_Work required:_ In the listing below, locate the line containing "minimum Cost (as % of GNI) in 1970?" and the line containing "Your response must be concise. 0.1.". Output both of them and every line between, exactly as written, and nothing more.

_Records shown:_
::::

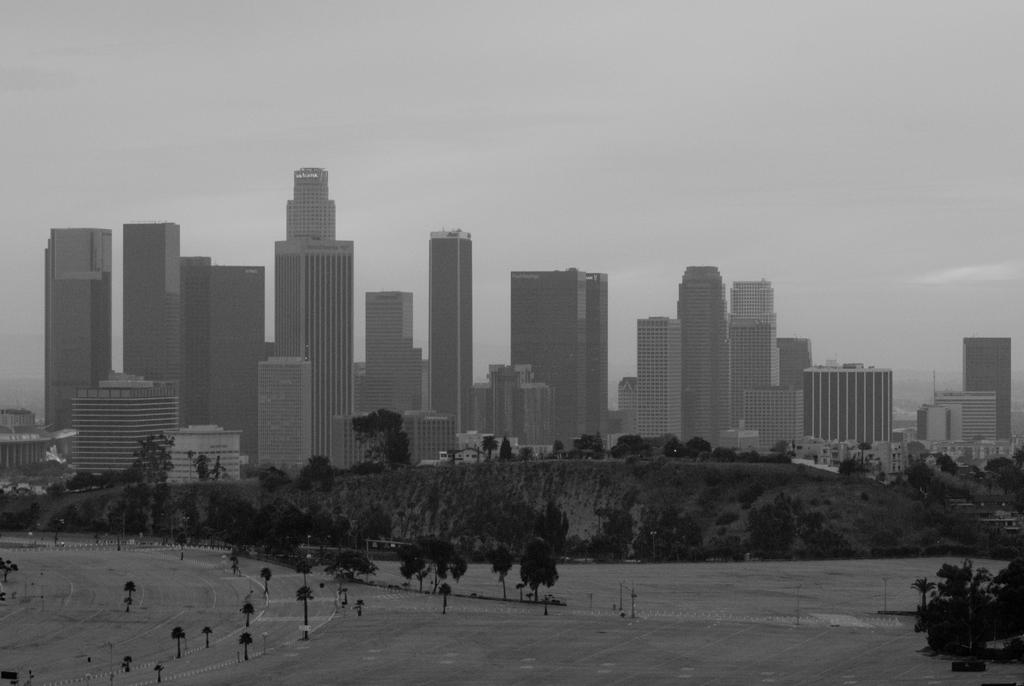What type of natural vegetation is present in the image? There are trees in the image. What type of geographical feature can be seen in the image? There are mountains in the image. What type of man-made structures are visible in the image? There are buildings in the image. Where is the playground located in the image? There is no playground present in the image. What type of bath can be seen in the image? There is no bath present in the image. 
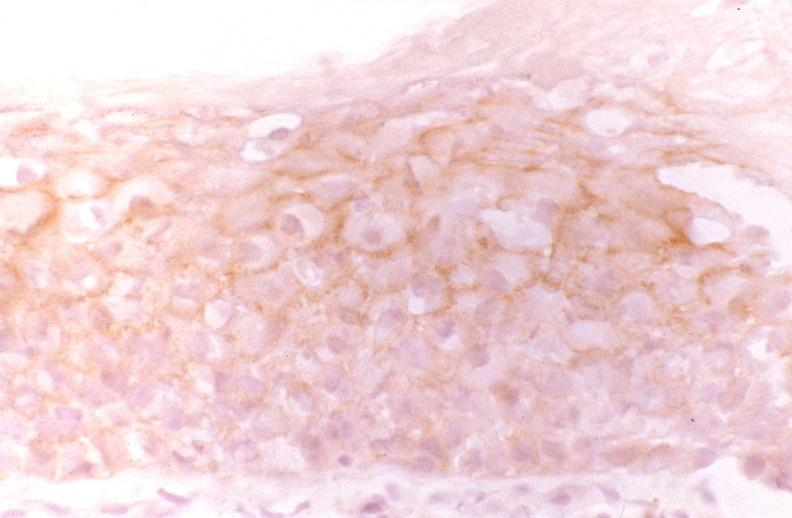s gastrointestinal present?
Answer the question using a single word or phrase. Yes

::::

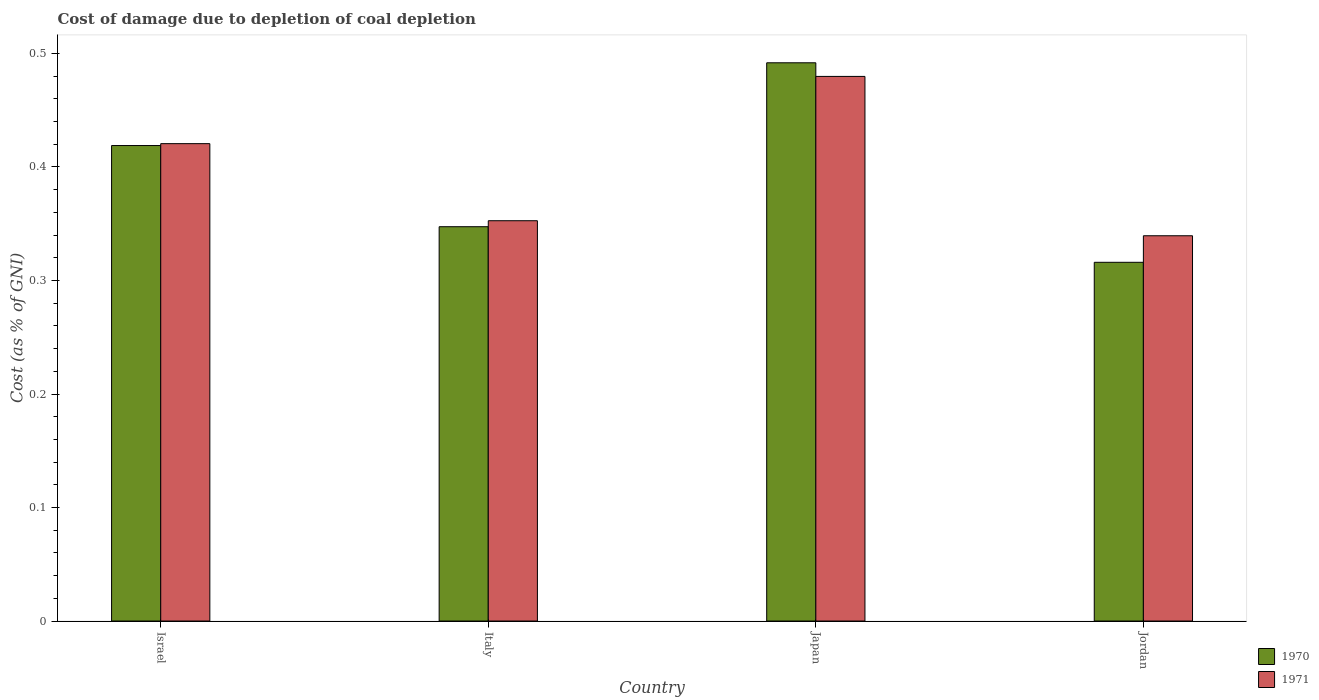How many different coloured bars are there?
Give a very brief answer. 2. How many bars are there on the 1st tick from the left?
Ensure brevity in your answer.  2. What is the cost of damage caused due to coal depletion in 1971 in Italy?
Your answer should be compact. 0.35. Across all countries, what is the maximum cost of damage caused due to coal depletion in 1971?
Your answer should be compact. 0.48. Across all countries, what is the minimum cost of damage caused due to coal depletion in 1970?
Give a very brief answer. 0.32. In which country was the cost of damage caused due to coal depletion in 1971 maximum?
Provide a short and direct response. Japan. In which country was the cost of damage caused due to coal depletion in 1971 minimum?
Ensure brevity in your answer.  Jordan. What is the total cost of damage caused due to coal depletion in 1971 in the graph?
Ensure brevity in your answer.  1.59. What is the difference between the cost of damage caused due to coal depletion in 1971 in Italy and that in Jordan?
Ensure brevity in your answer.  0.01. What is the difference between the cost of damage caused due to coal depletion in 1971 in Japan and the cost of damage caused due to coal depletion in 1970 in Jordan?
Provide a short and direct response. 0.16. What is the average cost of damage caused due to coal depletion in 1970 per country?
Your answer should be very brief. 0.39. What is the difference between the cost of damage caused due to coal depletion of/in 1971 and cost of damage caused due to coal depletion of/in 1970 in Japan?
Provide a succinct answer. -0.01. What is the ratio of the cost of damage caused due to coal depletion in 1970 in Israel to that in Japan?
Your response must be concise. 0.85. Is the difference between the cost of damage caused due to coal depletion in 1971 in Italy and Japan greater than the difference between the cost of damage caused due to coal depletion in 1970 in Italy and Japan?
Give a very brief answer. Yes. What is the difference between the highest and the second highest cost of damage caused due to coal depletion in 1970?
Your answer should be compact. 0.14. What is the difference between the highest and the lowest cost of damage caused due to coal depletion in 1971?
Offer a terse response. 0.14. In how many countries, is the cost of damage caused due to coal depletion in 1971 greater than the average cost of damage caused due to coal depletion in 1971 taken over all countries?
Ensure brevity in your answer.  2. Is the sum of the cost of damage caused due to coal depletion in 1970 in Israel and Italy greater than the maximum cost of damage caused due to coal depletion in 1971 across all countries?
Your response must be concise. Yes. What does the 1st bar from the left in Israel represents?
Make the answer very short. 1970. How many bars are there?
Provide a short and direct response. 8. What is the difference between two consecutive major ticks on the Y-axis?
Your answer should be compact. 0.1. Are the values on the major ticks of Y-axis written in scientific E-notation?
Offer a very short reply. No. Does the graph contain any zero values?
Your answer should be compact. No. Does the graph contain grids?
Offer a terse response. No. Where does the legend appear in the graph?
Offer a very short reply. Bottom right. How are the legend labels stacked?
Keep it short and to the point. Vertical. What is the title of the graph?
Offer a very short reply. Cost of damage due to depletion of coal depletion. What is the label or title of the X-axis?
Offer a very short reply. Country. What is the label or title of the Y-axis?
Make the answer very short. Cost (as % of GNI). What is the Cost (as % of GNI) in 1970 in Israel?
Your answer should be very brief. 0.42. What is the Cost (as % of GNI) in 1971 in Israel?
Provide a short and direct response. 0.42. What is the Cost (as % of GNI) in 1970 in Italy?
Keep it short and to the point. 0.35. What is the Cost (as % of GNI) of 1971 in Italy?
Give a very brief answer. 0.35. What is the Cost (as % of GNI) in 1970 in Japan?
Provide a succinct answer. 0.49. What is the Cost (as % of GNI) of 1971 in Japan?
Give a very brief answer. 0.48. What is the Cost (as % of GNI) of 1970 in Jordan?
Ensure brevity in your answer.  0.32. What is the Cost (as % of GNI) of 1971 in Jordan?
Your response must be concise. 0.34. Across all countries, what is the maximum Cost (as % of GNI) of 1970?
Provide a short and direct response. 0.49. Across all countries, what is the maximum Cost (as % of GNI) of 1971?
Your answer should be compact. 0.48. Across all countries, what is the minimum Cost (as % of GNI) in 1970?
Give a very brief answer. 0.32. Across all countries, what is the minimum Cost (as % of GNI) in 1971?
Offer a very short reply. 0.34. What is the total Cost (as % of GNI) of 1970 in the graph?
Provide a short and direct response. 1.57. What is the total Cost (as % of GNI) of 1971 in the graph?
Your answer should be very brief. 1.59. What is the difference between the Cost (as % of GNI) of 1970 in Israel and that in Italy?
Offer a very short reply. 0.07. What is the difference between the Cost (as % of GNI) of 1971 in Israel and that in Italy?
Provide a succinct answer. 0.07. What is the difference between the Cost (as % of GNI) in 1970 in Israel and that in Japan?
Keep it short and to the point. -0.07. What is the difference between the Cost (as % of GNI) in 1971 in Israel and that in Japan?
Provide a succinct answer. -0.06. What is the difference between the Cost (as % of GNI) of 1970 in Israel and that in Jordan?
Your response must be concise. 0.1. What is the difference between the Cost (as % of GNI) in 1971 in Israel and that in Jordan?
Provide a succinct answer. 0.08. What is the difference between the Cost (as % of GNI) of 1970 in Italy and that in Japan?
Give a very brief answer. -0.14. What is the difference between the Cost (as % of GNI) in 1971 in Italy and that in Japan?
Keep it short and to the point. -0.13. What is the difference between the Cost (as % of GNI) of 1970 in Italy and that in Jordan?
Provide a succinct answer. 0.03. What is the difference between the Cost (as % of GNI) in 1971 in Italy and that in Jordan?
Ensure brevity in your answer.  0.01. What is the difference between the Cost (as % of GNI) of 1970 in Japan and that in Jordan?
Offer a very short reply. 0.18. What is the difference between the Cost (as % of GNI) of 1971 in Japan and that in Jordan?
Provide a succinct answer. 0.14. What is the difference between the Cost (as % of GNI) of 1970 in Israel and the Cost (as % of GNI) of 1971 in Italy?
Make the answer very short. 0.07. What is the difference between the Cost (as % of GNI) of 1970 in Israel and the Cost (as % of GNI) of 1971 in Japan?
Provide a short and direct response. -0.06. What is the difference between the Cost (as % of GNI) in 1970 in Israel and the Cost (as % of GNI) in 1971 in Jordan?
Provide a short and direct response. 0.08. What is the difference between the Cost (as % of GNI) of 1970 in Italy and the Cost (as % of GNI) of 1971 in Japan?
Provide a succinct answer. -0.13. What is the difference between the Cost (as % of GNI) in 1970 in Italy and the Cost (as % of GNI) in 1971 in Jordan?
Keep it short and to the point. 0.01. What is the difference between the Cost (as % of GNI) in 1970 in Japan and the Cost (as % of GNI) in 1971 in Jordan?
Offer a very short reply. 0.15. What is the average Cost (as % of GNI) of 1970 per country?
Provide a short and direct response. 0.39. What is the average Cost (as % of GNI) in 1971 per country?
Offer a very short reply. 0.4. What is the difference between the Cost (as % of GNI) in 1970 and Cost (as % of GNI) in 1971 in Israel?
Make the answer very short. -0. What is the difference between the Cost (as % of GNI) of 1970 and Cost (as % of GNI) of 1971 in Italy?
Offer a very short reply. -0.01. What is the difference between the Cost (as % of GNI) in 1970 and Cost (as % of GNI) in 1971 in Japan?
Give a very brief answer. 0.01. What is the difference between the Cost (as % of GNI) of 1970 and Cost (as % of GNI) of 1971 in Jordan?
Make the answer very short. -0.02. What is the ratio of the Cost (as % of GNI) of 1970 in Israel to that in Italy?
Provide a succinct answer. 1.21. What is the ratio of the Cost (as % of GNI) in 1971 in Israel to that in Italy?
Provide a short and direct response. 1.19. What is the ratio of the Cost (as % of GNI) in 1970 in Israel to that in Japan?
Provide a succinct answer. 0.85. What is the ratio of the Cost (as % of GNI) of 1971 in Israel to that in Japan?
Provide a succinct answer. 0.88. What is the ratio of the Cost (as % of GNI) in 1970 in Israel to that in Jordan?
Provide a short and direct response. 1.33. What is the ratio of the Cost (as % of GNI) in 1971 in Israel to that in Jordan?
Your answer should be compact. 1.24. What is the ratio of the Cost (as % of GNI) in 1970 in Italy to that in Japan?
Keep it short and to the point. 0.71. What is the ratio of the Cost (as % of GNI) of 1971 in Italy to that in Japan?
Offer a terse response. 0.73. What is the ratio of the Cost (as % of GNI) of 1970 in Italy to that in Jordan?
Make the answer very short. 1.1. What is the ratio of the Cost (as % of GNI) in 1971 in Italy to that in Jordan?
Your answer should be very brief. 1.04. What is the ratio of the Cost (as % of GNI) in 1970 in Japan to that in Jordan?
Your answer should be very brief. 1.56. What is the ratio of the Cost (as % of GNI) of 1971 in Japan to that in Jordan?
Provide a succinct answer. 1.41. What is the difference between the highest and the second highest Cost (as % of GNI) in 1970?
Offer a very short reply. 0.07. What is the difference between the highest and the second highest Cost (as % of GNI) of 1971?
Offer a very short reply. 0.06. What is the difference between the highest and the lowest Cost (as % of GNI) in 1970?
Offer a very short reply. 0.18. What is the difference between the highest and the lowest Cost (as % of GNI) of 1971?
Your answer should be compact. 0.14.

::::

_Response area:_
Your answer should be compact. 0.48. Across all countries, what is the minimum Cost (as % of GNI) in 1970?
Give a very brief answer. 0.32. Across all countries, what is the minimum Cost (as % of GNI) in 1971?
Offer a very short reply. 0.34. What is the total Cost (as % of GNI) of 1970 in the graph?
Provide a short and direct response. 1.57. What is the total Cost (as % of GNI) of 1971 in the graph?
Your answer should be very brief. 1.59. What is the difference between the Cost (as % of GNI) of 1970 in Israel and that in Italy?
Offer a very short reply. 0.07. What is the difference between the Cost (as % of GNI) of 1971 in Israel and that in Italy?
Provide a succinct answer. 0.07. What is the difference between the Cost (as % of GNI) in 1970 in Israel and that in Japan?
Keep it short and to the point. -0.07. What is the difference between the Cost (as % of GNI) in 1971 in Israel and that in Japan?
Provide a succinct answer. -0.06. What is the difference between the Cost (as % of GNI) of 1970 in Israel and that in Jordan?
Your response must be concise. 0.1. What is the difference between the Cost (as % of GNI) in 1971 in Israel and that in Jordan?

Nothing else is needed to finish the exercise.